I have acted for both developers and landowners, including drafting for one developer a one page option which they would present to landowners at their property and convince them to sign on the spot. Until I saw this in action, I never believed anyone would sign an option selling their land without taking advice, but when great sums of money are discussed it is all too easy for landowners to get carried along by a developer’s promises.
A landowner should never accept an option in the developer’s standard form as they will, understandably, be favoured towards the developer. Always seek specialist advice from an expert practitioner that understands this field, creating your own documentation. Usually, the biggest area of dispute or negotiation is likely to be how the price is to be determined or agreed once planning is obtained.
Conditional contracts tend to be favoured when there is a lot of competition for a site, when sites are limited, and when market conditions are stable. They offer a developer a secure way to acquire a site and a guaranteed sale for a landowner.
However, the work has to be front-loaded, the price or a mechanism to agree the price has to be agreed, and the developer will be required to fund at least a 5% deposit. Personally, I have not seen that many conditional contracts in the last two years, but they can be attractive for landowners, principally that if planning and other conditions are achieved, a sale is guaranteed at an agreed or index-linked price. This can attractive as the land may be tied up for many years whilst planning consent is obtained.
Tying up land for many years is not something a landowner should do lightly; the market can change dramatically from year to year. Before entering into discussions, a landowner should establish what their bottom line requirements are, and important considerations for the longer term – particularly if at the end of the cycle the landowner will retain land alongside or near the development site.
Also, set out early the circumstances that will trigger the termination of the transaction should matters not proceed in a way you would like.
Do not be blinded by offers of early cash; in most cases, the landowner will end up paying back or giving credit for any early cash received. And finally, there is also no substitute for good specialist advice.
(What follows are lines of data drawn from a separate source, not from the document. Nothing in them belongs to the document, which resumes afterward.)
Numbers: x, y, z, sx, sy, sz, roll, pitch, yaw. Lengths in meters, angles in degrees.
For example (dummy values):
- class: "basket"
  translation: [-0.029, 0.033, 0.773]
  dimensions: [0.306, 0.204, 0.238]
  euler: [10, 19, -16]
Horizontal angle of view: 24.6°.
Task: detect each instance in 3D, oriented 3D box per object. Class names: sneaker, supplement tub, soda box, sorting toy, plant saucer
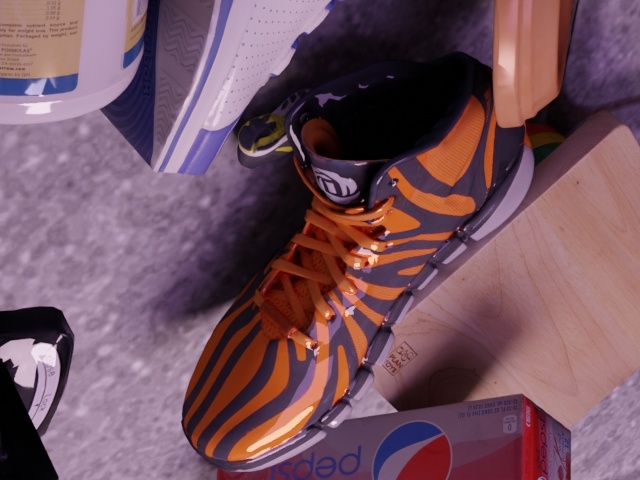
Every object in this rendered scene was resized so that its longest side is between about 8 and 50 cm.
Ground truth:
- class: "sneaker"
  translation: [0.005, -0.175, 0.820]
  dimensions: [0.182, 0.127, 0.315]
  euler: [5, 120, -36]
- class: "sneaker"
  translation: [-0.023, -0.074, 0.964]
  dimensions: [0.083, 0.031, 0.035]
  euler: [-24, 164, -27]
- class: "supplement tub"
  translation: [-0.148, -0.172, 0.701]
  dimensions: [0.144, 0.144, 0.200]
  euler: [-10, 130, -29]
- class: "soda box"
  translation: [0.048, 0.182, 1.077]
  dimensions: [0.263, 0.092, 0.083]
  euler: [-13, 148, 30]
- class: "sorting toy"
  translation: [0.154, 0.040, 1.136]
  dimensions: [0.255, 0.089, 0.257]
  euler: [-41, 137, 2]
- class: "plant saucer"
  translation: [0.132, -0.167, 0.882]
  dimensions: [0.037, 0.200, 0.200]
  euler: [4, 133, 11]
- class: "sneaker"
  translation: [0.000, 0.000, 0.952]
  dimensions: [0.321, 0.124, 0.180]
  euler: [-51, 152, -4]

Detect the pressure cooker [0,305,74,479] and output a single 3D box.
- class: "pressure cooker"
  translation: [-0.314, 0.041, 0.525]
  dimensions: [0.370, 0.420, 0.375]
  euler: [-35, 149, 2]
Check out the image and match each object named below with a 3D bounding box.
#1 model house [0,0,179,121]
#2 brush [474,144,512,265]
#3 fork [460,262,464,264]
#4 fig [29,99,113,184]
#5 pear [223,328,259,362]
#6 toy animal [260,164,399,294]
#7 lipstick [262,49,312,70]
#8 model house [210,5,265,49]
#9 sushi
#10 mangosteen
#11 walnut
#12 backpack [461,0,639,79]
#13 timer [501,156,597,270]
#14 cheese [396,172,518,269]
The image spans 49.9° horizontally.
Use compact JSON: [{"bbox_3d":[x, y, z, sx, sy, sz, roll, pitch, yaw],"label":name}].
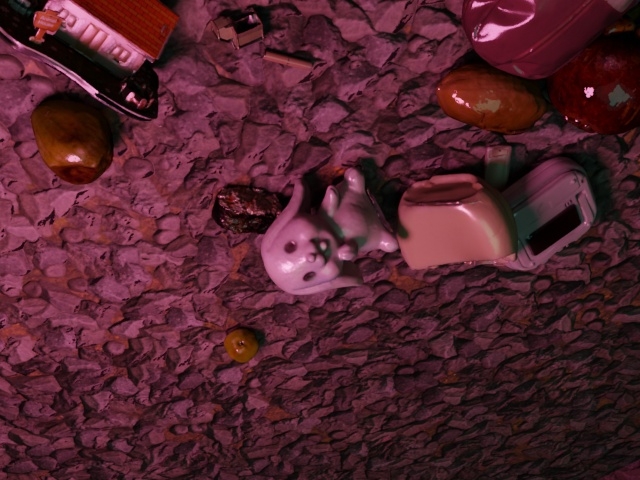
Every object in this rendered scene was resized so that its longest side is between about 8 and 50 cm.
[{"bbox_3d":[-0.349,-0.350,1.101,0.293,0.207,0.154,31,117,-33],"label":"model house"},{"bbox_3d":[0.395,-0.081,1.596,0.060,0.050,0.321,-4,125,-3],"label":"brush"},{"bbox_3d":[0.318,-0.023,1.649,0.039,0.021,0.235,-15,135,9],"label":"fork"},{"bbox_3d":[-0.463,-0.190,1.288,0.144,0.154,0.166,-31,100,37],"label":"fig"},{"bbox_3d":[-0.202,0.271,1.778,0.092,0.097,0.092,-1,100,-7],"label":"pear"},{"bbox_3d":[0.004,-0.018,1.448,0.289,0.249,0.174,-8,172,-34],"label":"toy animal"},{"bbox_3d":[-0.062,-0.338,1.289,0.094,0.019,0.019,10,130,-19],"label":"lipstick"},{"bbox_3d":[-0.146,-0.372,1.226,0.083,0.057,0.058,-28,161,-10],"label":"model house"},{"bbox_3d":[-0.156,-0.065,1.476,0.150,0.091,0.078,9,133,-21],"label":"sushi"},{"bbox_3d":[0.556,-0.329,1.297,0.215,0.215,0.258,20,107,-26],"label":"mangosteen"},{"bbox_3d":[0.341,-0.275,1.344,0.245,0.137,0.137,12,130,-9],"label":"walnut"},{"bbox_3d":[0.393,-0.429,1.171,0.283,0.197,0.317,22,131,-28],"label":"backpack"},{"bbox_3d":[0.510,-0.054,1.578,0.262,0.087,0.237,-36,130,4],"label":"timer"},{"bbox_3d":[0.294,-0.022,1.504,0.265,0.127,0.233,-3,117,39],"label":"cheese"}]
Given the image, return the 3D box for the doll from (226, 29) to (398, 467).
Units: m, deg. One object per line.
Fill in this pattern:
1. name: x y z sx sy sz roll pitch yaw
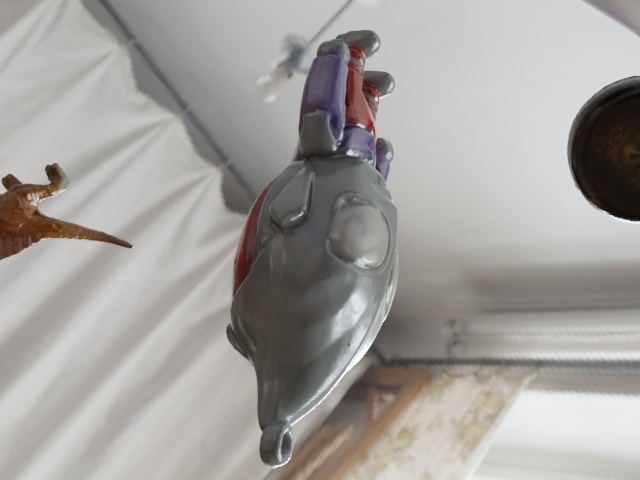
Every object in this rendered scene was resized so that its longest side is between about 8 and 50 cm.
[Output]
1. doll: 0.000 0.000 0.565 0.075 0.228 0.102 -1 -35 21

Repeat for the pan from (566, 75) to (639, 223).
1. pan: 0.278 -0.102 0.890 0.115 0.212 0.040 42 12 -5

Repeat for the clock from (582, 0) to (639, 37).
1. clock: 0.159 -0.184 0.267 0.102 0.339 0.338 30 -32 3

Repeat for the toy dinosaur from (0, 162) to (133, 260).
1. toy dinosaur: -0.290 -0.019 1.065 0.212 0.142 0.057 22 -50 15
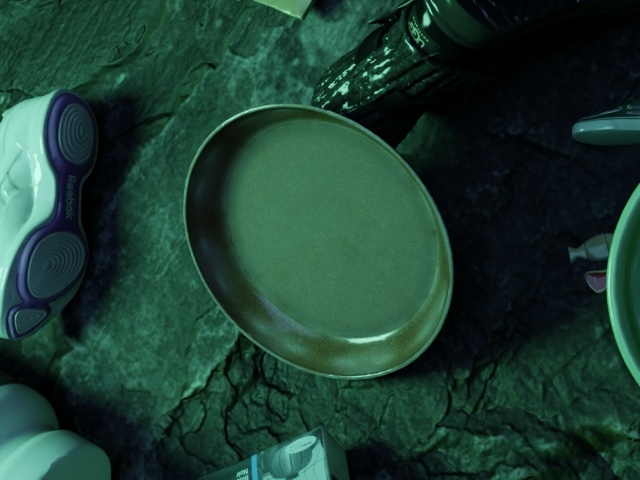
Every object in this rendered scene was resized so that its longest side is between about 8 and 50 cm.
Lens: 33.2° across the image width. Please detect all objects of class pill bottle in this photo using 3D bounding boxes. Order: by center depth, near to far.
[{"bbox_3d":[-0.430,0.230,1.209,0.363,0.210,0.210,23,88,23],"label":"pill bottle"}]

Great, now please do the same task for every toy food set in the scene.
[{"bbox_3d":[0.315,0.019,1.071,0.122,0.019,0.077,-22,73,16],"label":"toy food set"}]

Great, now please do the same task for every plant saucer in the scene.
[{"bbox_3d":[0.000,0.000,1.108,0.311,0.050,0.310,14,121,25],"label":"plant saucer"}]

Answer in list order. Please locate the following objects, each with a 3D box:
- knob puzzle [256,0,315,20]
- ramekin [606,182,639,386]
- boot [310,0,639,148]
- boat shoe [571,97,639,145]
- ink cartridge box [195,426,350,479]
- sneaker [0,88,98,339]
[{"bbox_3d":[-0.053,-0.370,1.280,0.213,0.030,0.213,-4,79,20],"label":"knob puzzle"},{"bbox_3d":[0.412,0.042,0.947,0.304,0.148,0.303,-1,85,17],"label":"ramekin"},{"bbox_3d":[0.171,-0.216,1.103,0.131,0.348,0.260,63,146,13],"label":"boot"},{"bbox_3d":[0.326,-0.124,1.084,0.142,0.049,0.040,-4,73,13],"label":"boat shoe"},{"bbox_3d":[-0.037,0.352,1.034,0.165,0.065,0.332,-26,42,13],"label":"ink cartridge box"},{"bbox_3d":[-0.357,-0.030,1.303,0.152,0.114,0.305,0,75,35],"label":"sneaker"}]
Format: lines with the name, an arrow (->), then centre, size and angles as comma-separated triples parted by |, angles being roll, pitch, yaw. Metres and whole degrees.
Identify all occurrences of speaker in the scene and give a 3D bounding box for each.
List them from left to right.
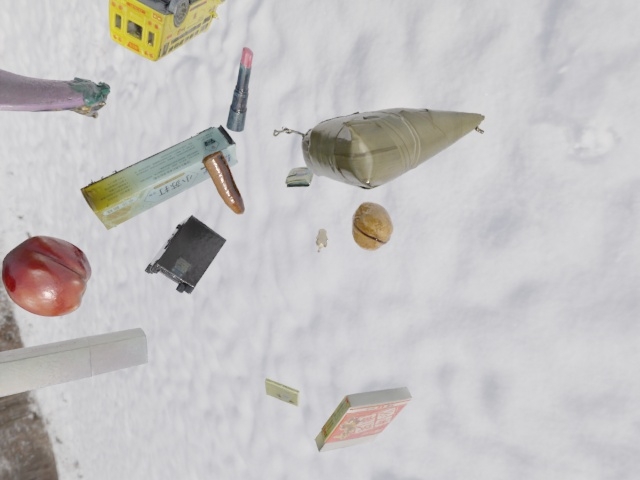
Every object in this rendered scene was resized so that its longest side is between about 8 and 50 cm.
speaker -> -0.530, 0.057, 1.711 | 0.253, 0.184, 0.232 | -59, 20, -19

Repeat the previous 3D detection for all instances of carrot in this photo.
carrot -> -0.194, -0.111, 0.901 | 0.048, 0.048, 0.139 | 16, 134, 51

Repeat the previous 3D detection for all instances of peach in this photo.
peach -> -0.345, 0.045, 0.551 | 0.101, 0.101, 0.100 | 17, 111, 51

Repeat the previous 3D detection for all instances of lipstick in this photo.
lipstick -> -0.591, 0.274, 0.989 | 0.076, 0.372, 0.079 | 12, 106, 57
lipstick -> -0.222, -0.421, 1.229 | 0.053, 0.054, 0.234 | 51, 137, 34

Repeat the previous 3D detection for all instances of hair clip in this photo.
hair clip -> -0.640, -0.314, 0.919 | 0.096, 0.359, 0.110 | 7, 94, 57

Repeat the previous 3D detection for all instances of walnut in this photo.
walnut -> 0.169, -0.043, 1.457 | 0.180, 0.144, 0.144 | -103, 25, -53

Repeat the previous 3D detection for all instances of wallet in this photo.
wallet -> -0.087, -0.269, 1.850 | 0.155, 0.111, 0.039 | -78, -17, -60

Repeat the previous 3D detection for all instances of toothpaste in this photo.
toothpaste -> -0.325, -0.138, 0.920 | 0.071, 0.313, 0.089 | 52, 160, 16

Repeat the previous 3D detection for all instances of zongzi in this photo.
zongzi -> 0.135, -0.268, 1.172 | 0.447, 0.419, 0.181 | 28, 135, 60

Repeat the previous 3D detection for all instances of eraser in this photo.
eraser -> 0.093, 0.414, 1.012 | 0.038, 0.158, 0.230 | -112, 34, -40

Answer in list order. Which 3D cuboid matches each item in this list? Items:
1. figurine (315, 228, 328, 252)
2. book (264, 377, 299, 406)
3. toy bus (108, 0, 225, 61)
figurine -> 0.000, 0.000, 1.650 | 0.050, 0.047, 0.083 | 127, 157, -56
book -> -0.114, 0.455, 1.310 | 0.111, 0.014, 0.077 | 16, 132, 16
toy bus -> -0.328, -0.536, 0.995 | 0.144, 0.330, 0.152 | 27, 133, -4
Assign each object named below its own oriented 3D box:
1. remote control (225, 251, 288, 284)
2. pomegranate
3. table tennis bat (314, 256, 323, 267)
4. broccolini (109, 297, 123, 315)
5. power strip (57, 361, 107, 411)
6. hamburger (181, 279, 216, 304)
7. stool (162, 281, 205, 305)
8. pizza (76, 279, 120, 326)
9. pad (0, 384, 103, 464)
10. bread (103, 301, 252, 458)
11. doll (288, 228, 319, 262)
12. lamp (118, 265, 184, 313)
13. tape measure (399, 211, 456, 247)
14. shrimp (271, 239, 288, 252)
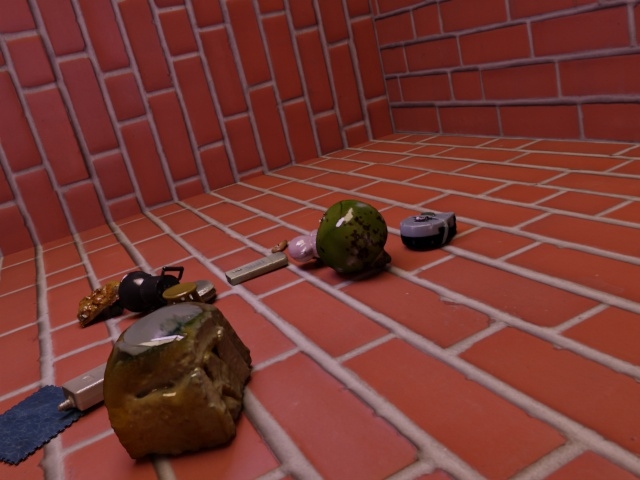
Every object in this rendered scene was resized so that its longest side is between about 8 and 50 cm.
[{"bbox_3d":[-0.233,0.101,2.147,0.234,0.038,0.098,-20,19,-18],"label":"remote control"},{"bbox_3d":[0.113,-0.003,1.910,0.270,0.254,0.254,36,33,8],"label":"pomegranate"},{"bbox_3d":[0.016,0.047,2.162,0.131,0.022,0.234,-8,17,15],"label":"table tennis bat"},{"bbox_3d":[-0.728,0.220,2.150,0.054,0.051,0.239,29,7,-11],"label":"broccolini"},{"bbox_3d":[-0.535,0.352,1.545,0.098,0.058,0.338,7,24,44],"label":"power strip"},{"bbox_3d":[-0.418,0.184,1.992,0.133,0.062,0.140,-21,21,-13],"label":"hamburger"},{"bbox_3d":[-0.434,0.203,1.863,0.134,0.110,0.135,-27,23,-34],"label":"stool"},{"bbox_3d":[-0.801,0.220,2.075,0.292,0.058,0.197,-20,30,44],"label":"pizza"},{"bbox_3d":[-0.723,0.453,1.474,0.270,0.012,0.269,-2,21,32],"label":"pad"},{"bbox_3d":[-0.314,0.272,1.333,0.239,0.264,0.395,-15,19,9],"label":"bread"},{"bbox_3d":[0.000,-0.001,2.141,0.160,0.094,0.365,-3,17,25],"label":"doll"},{"bbox_3d":[-0.553,0.176,1.956,0.227,0.172,0.147,-5,-7,42],"label":"lamp"},{"bbox_3d":[0.368,-0.040,2.036,0.182,0.107,0.181,-2,14,24],"label":"tape measure"},{"bbox_3d":[-0.166,0.024,2.361,0.059,0.023,0.108,-16,15,20],"label":"shrimp"}]
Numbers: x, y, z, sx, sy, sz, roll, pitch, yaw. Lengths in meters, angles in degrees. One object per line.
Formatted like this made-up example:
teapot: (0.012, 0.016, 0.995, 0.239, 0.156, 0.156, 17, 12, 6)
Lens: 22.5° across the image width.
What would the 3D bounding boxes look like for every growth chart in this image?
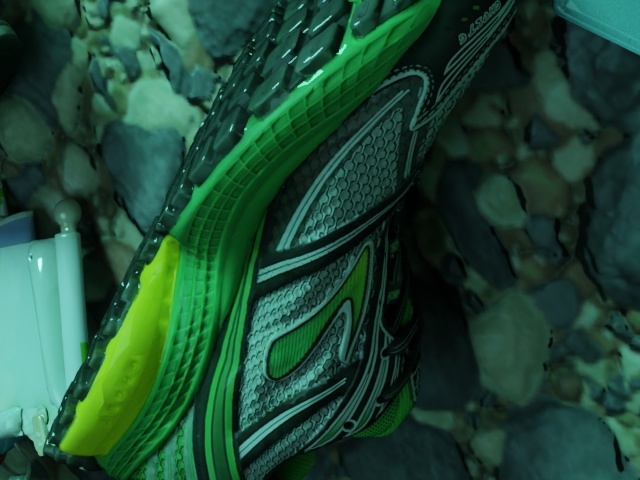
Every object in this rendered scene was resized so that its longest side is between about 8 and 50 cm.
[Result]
growth chart: (-0.215, 0.046, 0.938, 0.237, 0.021, 0.172, -5, 84, 38)

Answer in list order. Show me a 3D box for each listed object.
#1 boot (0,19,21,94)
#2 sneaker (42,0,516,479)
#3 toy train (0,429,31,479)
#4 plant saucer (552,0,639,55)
boot: (-0.263, -0.124, 0.865, 0.178, 0.085, 0.236, 59, 146, -3)
sneaker: (0.000, 0.000, 0.727, 0.146, 0.134, 0.343, 26, 129, -7)
toy train: (-0.224, 0.116, 1.014, 0.166, 0.046, 0.125, 5, 119, 41)
plant saucer: (0.134, -0.151, 0.584, 0.067, 0.018, 0.192, 31, 129, 22)
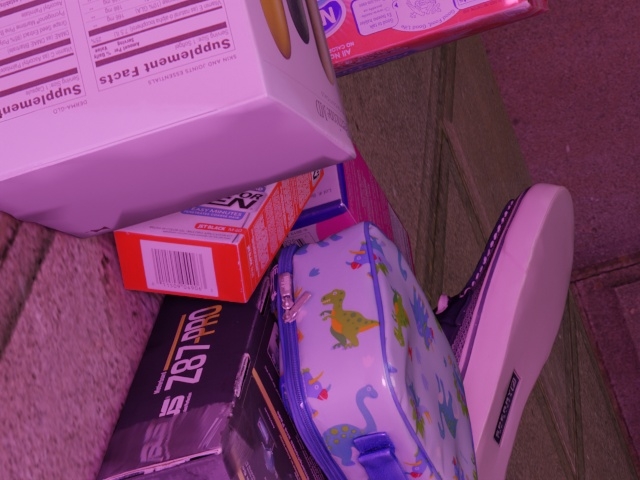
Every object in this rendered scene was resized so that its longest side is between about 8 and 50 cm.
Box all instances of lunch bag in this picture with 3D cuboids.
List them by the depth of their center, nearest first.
[{"bbox_3d":[0.040,0.108,1.354,0.219,0.090,0.176,59,18,-46],"label":"lunch bag"}]

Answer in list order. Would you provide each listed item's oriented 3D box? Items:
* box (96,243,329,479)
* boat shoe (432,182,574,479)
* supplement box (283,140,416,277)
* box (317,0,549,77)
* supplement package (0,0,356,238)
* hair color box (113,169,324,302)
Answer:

Any investment in time and money at the beginning of the process will be repaid at the other end, even though it may take some time before this is apparent.
Tax should be considered at an early stage in any discussions, particularly as low-value grazing or scrubland will generally soar in value once residential planning consents are granted.
Provided an individual seller holds the land as an investment then they will generally be faced with a Capital Gains Tax (CGT) bill rather than an Income Tax bill. The current rate of CGT is 20% for higher rate taxpayers. This rate would be applied to the increase in value between the acquisition of the land and the sale, less certain allowable costs such as Estate Agent’s fees and Stamp Duty Land Tax paid.
Where the land sold was used for business purposes at the time of sale, including for farming, and the sale is part of the individual’s withdrawal from their business it may be possible to claim Entrepreneur’s Relief (ER). This reduces the CGT rate down to 10% for the first £10m of gains, provided the full lifetime limit is available.
Non-UK resident sellers have traditionally not had to worry about tax on disposals of UK land. However, they now need to watch out for new rules which seek to tax gains accruing to UK property that previously escaped the UK tax net. Different rules apply if the land includes a dwelling already or if the land could be said to be for the benefit of an existing dwelling.
Finally, owners of agricultural land have traditionally enjoyed Agricultural Property Relief from Inheritance Tax meaning that the value of the qualifying land was not included in the owner’s estate on death. Once such land is sold, however, then the cash proceeds will not benefit from the relief unless they are reinvested into qualifying property. This should be borne in mind where the land is agricultural in nature.
This article first appeared in Financial Adviser on 28 September 2017.